> _Assignment_: Among the records, how many lines contain "drawing"? Only the number is needed.

> _Information supplied_:
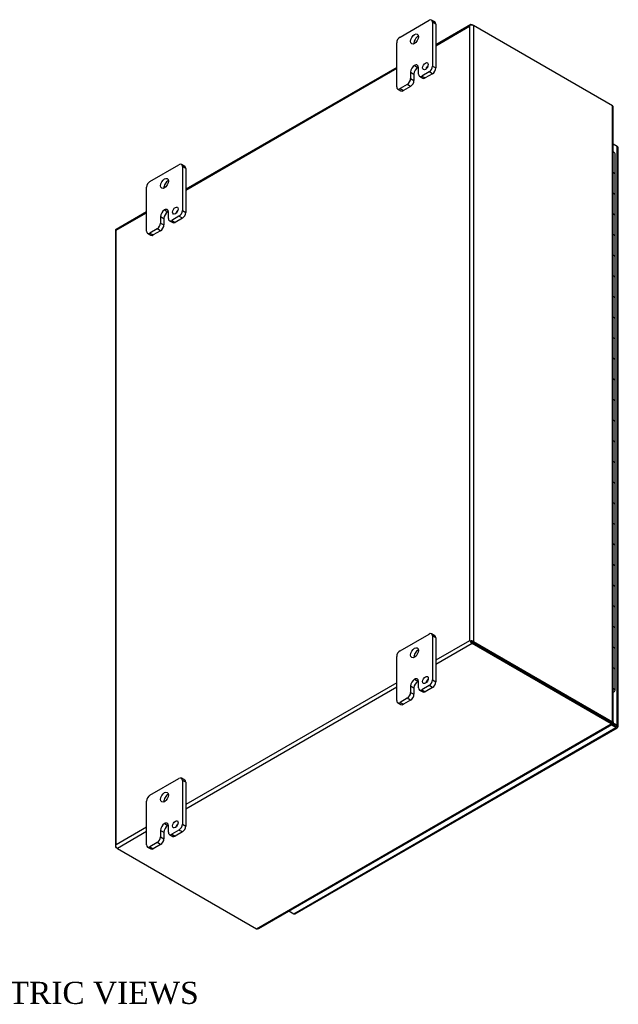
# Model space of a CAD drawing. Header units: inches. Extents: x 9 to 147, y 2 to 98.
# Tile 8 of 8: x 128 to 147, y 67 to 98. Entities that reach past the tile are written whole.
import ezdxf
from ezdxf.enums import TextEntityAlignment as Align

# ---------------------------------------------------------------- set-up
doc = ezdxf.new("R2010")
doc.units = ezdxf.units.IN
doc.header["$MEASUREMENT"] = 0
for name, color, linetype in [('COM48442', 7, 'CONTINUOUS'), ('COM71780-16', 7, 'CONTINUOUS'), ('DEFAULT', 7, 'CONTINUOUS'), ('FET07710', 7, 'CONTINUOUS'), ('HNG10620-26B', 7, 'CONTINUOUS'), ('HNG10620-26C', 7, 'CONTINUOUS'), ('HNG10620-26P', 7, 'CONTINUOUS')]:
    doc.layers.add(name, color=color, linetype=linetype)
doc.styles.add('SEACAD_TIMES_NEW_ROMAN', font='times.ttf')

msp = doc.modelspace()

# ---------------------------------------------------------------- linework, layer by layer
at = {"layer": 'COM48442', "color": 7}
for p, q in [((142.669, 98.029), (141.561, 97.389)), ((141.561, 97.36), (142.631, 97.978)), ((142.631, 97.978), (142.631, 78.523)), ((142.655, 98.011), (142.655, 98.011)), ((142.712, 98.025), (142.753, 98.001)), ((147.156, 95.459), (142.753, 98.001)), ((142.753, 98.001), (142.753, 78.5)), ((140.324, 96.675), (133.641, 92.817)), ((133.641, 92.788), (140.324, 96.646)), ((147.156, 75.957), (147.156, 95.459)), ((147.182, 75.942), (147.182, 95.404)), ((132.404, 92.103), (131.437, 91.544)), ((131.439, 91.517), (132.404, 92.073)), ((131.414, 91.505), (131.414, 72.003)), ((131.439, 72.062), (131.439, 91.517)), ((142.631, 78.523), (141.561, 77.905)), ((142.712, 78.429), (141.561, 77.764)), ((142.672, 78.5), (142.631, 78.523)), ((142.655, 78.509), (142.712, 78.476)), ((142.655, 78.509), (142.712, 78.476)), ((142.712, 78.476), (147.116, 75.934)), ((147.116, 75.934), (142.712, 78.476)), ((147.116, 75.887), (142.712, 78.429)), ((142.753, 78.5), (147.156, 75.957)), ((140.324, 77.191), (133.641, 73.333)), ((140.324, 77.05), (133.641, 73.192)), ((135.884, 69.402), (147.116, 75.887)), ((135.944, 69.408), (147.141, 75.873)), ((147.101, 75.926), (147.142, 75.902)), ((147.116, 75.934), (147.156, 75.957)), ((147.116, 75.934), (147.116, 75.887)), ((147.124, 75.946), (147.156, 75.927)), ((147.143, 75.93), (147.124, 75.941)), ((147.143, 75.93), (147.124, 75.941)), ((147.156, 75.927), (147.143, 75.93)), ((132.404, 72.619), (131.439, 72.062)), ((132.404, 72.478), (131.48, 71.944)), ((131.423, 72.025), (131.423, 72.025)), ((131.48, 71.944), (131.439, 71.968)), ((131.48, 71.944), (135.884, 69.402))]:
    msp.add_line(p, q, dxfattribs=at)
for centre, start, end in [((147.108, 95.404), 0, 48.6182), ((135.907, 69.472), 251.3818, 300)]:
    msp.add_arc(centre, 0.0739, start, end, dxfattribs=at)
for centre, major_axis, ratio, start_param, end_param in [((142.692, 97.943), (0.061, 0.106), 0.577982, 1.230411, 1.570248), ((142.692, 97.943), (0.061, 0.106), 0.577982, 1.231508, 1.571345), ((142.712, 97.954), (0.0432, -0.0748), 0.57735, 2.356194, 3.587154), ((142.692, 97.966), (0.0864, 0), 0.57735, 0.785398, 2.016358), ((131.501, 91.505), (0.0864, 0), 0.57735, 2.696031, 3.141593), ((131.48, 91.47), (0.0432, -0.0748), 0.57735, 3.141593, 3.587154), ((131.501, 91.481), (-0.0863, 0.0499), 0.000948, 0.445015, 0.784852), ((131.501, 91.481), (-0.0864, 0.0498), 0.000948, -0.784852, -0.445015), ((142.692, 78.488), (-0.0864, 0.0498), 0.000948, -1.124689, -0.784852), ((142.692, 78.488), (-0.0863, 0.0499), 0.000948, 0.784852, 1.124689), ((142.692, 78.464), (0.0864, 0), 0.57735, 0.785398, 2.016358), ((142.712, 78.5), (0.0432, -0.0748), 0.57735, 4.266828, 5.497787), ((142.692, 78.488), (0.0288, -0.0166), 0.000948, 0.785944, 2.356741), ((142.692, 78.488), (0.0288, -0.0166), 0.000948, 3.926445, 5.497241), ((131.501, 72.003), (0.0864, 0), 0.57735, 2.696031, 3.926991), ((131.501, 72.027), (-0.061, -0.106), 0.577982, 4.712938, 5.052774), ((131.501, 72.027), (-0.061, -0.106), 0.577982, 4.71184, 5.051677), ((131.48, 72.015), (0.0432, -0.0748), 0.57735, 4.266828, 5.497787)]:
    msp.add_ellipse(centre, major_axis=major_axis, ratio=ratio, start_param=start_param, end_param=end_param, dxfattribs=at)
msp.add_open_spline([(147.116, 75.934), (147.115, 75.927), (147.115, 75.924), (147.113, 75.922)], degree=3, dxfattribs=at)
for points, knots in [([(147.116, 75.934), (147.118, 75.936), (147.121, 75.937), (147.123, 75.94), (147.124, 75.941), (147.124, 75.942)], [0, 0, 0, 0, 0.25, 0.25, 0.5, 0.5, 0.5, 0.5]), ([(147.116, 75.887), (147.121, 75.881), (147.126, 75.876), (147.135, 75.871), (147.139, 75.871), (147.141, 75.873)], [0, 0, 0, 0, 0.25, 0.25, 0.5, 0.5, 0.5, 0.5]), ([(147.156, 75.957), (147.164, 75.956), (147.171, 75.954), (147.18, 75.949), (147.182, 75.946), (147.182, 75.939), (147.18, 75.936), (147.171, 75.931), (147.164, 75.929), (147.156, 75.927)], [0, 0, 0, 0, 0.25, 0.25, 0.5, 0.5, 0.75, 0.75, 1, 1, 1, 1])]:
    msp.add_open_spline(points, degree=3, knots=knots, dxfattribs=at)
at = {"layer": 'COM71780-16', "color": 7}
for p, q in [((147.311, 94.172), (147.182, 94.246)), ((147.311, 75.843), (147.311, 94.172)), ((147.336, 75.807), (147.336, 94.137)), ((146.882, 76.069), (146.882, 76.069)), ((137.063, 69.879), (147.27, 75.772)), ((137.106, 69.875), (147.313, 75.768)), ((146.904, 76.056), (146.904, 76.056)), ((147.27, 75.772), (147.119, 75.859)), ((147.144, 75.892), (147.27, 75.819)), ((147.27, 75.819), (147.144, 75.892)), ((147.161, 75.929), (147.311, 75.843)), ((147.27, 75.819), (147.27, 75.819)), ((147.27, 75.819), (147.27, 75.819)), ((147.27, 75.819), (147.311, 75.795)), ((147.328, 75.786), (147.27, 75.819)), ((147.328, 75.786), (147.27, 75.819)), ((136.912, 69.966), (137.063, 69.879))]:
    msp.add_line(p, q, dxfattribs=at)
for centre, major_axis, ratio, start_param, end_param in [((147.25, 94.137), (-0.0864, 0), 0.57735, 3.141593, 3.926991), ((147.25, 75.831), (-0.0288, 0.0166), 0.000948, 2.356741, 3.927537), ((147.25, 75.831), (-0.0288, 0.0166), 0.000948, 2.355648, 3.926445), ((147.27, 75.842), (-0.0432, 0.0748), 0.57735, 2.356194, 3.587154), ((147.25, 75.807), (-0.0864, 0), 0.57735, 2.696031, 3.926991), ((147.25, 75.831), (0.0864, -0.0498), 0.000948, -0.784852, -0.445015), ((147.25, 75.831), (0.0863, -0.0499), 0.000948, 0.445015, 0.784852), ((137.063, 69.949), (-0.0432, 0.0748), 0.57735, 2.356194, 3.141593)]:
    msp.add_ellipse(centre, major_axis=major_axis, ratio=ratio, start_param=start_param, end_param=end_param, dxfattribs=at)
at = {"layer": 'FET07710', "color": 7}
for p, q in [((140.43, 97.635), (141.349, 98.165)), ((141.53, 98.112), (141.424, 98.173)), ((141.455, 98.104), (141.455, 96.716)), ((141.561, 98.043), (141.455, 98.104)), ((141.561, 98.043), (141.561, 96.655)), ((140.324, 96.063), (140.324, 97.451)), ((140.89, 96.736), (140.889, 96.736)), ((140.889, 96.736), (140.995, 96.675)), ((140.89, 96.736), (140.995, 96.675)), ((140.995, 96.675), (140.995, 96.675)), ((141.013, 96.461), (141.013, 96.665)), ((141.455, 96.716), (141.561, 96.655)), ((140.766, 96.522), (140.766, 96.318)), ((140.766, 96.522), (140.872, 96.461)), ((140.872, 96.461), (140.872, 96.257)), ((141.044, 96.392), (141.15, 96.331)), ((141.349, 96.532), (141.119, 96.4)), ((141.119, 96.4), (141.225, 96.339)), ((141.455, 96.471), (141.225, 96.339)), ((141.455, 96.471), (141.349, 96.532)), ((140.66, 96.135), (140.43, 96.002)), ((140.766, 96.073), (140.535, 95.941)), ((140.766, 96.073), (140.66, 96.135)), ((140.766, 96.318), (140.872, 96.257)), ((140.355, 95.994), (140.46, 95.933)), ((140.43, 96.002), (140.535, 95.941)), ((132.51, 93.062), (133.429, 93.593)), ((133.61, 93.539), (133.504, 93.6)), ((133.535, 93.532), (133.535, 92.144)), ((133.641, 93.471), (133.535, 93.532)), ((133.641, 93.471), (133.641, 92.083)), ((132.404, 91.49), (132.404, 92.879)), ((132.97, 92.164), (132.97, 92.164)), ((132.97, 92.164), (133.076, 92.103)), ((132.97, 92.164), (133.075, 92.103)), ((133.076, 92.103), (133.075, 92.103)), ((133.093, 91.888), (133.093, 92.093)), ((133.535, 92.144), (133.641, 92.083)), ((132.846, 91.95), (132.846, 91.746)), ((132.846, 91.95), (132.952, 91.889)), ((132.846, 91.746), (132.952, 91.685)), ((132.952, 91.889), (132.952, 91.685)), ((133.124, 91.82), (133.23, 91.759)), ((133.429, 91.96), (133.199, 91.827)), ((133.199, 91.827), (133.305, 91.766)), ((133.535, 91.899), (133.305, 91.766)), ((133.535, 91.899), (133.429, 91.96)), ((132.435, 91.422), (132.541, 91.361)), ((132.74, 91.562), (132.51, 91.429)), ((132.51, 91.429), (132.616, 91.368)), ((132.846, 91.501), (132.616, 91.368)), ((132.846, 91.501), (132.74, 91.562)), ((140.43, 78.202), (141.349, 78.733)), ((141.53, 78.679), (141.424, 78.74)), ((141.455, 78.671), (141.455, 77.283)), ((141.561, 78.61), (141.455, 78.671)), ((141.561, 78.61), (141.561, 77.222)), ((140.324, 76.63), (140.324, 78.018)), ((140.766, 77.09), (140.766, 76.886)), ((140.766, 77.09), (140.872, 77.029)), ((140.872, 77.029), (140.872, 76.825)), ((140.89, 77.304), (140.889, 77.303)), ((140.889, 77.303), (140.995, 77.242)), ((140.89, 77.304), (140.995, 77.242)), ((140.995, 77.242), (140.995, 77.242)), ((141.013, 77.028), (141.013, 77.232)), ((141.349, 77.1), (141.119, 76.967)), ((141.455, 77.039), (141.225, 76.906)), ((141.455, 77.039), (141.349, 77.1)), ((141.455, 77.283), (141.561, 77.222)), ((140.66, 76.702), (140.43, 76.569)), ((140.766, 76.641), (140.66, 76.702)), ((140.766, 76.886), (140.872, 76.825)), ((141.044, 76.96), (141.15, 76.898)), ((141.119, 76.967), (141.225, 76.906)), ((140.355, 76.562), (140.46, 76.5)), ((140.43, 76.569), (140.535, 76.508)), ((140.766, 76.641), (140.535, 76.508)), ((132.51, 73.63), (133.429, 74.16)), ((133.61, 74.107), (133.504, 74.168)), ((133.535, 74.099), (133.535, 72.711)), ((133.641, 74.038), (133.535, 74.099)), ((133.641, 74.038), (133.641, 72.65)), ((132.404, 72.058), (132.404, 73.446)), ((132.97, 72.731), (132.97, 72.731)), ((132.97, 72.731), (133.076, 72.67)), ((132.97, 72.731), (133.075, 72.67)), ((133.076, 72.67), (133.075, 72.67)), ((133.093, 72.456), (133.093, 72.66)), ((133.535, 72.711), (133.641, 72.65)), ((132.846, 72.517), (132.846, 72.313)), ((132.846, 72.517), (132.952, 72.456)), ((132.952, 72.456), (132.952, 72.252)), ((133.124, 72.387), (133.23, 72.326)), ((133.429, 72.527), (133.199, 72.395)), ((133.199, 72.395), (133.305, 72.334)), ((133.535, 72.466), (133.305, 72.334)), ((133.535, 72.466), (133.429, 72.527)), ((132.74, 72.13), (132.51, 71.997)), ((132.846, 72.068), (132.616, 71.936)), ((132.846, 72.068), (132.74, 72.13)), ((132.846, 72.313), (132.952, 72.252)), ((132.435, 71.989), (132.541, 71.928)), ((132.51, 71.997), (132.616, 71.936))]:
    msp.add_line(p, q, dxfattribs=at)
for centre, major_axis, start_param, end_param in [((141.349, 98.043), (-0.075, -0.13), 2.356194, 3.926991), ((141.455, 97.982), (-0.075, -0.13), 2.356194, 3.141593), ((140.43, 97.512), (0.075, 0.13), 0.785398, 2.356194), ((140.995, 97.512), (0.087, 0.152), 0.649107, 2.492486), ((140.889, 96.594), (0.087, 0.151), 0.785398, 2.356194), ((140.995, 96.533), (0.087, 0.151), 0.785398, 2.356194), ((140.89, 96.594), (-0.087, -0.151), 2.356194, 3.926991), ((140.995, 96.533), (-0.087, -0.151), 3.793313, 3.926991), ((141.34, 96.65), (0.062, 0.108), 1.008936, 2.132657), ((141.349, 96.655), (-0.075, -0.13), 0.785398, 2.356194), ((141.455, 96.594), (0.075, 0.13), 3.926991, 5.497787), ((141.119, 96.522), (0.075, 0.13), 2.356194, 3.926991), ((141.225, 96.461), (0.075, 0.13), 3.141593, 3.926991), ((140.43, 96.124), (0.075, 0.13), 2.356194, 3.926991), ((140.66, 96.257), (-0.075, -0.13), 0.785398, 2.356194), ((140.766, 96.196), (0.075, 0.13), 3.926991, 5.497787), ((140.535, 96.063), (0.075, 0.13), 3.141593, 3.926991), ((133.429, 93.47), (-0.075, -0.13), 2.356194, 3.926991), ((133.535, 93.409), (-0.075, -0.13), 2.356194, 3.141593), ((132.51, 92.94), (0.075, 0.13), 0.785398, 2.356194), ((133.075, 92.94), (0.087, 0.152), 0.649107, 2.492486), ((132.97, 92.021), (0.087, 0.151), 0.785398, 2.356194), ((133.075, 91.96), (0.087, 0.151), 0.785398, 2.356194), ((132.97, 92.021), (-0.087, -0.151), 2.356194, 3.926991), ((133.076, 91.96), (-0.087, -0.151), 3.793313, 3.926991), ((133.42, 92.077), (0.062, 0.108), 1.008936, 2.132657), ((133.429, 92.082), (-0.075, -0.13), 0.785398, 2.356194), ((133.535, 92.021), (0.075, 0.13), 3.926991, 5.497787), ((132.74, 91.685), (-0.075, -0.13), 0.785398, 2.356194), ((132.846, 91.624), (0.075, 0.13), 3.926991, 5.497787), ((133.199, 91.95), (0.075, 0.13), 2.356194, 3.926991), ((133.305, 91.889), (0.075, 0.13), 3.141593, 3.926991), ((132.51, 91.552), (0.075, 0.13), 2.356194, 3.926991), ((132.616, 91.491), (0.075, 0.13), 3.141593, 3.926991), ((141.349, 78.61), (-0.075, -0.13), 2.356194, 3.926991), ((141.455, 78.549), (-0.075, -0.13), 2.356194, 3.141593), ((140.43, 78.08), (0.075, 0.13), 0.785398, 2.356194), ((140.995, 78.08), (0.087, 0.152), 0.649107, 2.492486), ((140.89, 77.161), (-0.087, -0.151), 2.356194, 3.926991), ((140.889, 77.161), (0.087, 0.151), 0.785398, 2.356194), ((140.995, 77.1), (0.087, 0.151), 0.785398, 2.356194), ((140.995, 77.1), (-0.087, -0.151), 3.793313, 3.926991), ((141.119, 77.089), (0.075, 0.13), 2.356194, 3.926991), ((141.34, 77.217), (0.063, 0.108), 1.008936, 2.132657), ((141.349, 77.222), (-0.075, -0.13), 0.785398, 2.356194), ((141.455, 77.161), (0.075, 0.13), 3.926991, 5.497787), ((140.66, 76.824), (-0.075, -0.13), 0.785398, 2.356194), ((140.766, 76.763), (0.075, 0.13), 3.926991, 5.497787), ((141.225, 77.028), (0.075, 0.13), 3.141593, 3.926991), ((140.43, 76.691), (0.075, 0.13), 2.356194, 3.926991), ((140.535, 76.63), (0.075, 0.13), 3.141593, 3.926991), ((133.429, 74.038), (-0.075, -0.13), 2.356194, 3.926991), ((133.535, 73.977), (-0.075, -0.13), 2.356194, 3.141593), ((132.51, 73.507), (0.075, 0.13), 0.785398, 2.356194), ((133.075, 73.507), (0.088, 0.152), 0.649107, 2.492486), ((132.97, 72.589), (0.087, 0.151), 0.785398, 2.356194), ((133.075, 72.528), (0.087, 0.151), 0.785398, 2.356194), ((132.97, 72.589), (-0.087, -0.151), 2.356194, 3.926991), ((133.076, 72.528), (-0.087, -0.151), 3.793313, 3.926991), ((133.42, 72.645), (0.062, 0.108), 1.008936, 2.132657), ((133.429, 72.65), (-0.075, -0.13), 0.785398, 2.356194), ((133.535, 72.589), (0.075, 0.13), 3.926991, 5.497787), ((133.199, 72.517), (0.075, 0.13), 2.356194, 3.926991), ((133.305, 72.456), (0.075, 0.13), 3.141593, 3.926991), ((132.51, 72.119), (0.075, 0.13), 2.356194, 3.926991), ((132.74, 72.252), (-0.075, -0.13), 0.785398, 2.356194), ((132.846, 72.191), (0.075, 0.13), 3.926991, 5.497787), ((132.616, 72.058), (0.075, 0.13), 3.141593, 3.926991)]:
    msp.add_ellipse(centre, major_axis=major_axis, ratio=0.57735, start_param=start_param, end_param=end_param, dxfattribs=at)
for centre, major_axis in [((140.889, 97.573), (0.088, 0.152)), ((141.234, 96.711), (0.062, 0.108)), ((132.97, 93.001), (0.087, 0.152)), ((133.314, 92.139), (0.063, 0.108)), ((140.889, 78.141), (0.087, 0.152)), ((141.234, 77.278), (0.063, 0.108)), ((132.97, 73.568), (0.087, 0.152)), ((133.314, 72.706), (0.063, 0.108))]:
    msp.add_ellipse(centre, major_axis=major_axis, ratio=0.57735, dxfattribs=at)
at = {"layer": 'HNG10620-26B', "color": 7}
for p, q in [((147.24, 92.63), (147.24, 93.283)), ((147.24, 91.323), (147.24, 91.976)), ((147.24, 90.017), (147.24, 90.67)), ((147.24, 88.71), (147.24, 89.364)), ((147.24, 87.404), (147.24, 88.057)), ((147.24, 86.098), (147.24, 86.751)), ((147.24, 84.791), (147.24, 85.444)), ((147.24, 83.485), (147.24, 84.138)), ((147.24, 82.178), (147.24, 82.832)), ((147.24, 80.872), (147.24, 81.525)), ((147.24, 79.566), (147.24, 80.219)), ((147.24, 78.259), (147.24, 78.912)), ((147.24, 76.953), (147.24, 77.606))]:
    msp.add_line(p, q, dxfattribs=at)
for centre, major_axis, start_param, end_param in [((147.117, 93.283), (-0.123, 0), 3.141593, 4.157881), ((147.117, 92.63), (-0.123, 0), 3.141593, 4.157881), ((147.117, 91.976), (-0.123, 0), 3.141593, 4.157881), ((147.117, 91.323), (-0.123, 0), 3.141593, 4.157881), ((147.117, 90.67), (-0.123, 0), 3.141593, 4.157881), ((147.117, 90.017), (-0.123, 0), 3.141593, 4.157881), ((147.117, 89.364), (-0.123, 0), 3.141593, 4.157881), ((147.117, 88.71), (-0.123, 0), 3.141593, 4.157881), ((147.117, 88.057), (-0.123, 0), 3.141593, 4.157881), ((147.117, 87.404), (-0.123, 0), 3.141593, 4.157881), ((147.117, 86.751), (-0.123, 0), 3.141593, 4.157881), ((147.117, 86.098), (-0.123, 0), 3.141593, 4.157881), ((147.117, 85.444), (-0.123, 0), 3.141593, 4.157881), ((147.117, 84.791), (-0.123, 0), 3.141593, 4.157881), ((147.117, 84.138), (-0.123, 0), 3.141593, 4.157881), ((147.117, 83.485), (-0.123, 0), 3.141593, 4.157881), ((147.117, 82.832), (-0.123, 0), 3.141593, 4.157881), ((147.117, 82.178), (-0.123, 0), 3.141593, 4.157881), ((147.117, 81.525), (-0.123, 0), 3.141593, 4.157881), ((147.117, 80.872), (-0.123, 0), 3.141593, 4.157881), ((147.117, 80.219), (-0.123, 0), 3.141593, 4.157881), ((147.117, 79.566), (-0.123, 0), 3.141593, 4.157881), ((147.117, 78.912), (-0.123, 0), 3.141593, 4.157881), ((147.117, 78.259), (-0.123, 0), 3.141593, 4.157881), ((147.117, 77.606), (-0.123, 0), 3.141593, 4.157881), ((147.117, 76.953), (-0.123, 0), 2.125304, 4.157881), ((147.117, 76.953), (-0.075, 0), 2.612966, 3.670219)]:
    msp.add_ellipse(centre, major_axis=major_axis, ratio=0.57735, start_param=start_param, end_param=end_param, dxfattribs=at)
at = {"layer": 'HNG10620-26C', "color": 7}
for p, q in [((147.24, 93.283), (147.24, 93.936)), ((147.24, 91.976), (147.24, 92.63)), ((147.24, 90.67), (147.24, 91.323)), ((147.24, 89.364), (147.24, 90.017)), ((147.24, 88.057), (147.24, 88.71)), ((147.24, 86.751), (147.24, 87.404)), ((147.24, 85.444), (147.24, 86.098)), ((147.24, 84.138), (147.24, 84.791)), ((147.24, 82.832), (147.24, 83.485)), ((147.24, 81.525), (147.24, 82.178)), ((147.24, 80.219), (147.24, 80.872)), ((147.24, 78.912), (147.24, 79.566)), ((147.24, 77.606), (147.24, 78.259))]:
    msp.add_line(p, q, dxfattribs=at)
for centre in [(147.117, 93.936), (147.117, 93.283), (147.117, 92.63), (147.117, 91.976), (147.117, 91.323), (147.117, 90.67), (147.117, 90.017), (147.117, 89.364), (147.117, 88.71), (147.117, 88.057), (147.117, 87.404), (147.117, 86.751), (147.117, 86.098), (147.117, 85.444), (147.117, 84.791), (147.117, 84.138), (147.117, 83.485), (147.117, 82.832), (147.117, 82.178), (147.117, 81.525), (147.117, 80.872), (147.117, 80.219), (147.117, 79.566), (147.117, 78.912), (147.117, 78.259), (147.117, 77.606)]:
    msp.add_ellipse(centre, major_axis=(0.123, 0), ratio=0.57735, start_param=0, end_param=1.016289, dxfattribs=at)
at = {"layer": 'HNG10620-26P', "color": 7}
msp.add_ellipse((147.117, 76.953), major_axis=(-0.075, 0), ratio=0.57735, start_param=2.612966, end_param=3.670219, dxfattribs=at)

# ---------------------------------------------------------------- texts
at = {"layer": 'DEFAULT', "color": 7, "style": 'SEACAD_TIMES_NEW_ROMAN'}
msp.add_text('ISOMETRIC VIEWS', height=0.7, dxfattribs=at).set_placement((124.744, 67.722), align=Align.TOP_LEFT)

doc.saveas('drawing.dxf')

> _Response to this task_: 2